» **INSTRUCTIONS TO FOLLOW**: Once the line containing "Now for the popcorn" is found, retype it and each line after it through the last entry below, word for word, and nothing else.

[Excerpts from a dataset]
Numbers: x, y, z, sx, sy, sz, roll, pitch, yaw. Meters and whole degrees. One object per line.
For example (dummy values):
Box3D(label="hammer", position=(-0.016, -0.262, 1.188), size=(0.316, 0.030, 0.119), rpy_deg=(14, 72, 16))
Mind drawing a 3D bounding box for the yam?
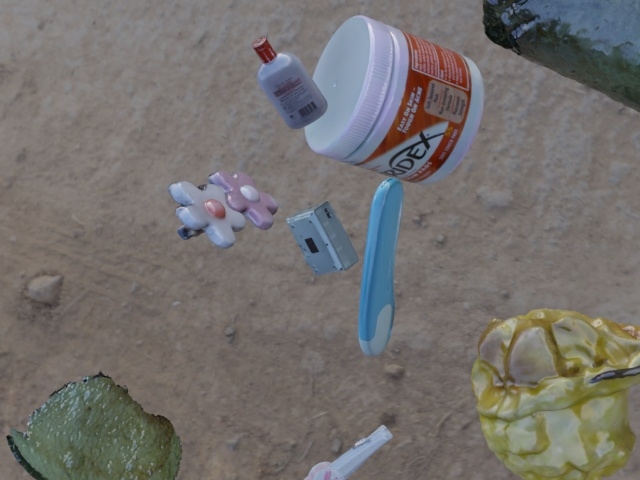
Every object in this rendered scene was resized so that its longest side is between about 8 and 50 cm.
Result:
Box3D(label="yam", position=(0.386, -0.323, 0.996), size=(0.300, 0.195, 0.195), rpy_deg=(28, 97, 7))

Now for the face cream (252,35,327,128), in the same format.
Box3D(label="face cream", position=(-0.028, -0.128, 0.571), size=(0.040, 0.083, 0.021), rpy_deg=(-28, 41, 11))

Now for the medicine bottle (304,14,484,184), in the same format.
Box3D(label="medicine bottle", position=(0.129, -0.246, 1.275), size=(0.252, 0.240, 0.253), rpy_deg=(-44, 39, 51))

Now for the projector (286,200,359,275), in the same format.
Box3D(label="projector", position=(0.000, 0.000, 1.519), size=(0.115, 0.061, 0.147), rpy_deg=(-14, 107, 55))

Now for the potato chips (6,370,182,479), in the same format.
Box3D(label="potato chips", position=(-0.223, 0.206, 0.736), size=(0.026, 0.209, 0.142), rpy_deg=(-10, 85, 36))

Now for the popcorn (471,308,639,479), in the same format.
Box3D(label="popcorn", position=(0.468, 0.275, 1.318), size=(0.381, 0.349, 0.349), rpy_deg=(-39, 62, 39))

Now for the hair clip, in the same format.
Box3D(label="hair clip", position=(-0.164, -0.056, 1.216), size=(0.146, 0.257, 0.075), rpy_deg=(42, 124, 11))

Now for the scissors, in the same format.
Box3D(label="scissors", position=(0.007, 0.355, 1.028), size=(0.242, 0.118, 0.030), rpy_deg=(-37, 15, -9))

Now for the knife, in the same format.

» **COMPLETED TASK**:
Now for the popcorn (471,308,639,479), in the same format.
Box3D(label="popcorn", position=(0.468, 0.275, 1.318), size=(0.381, 0.349, 0.349), rpy_deg=(-39, 62, 39))

Now for the hair clip, in the same format.
Box3D(label="hair clip", position=(-0.164, -0.056, 1.216), size=(0.146, 0.257, 0.075), rpy_deg=(42, 124, 11))

Now for the scissors, in the same format.
Box3D(label="scissors", position=(0.007, 0.355, 1.028), size=(0.242, 0.118, 0.030), rpy_deg=(-37, 15, -9))

Now for the knife, in the same format.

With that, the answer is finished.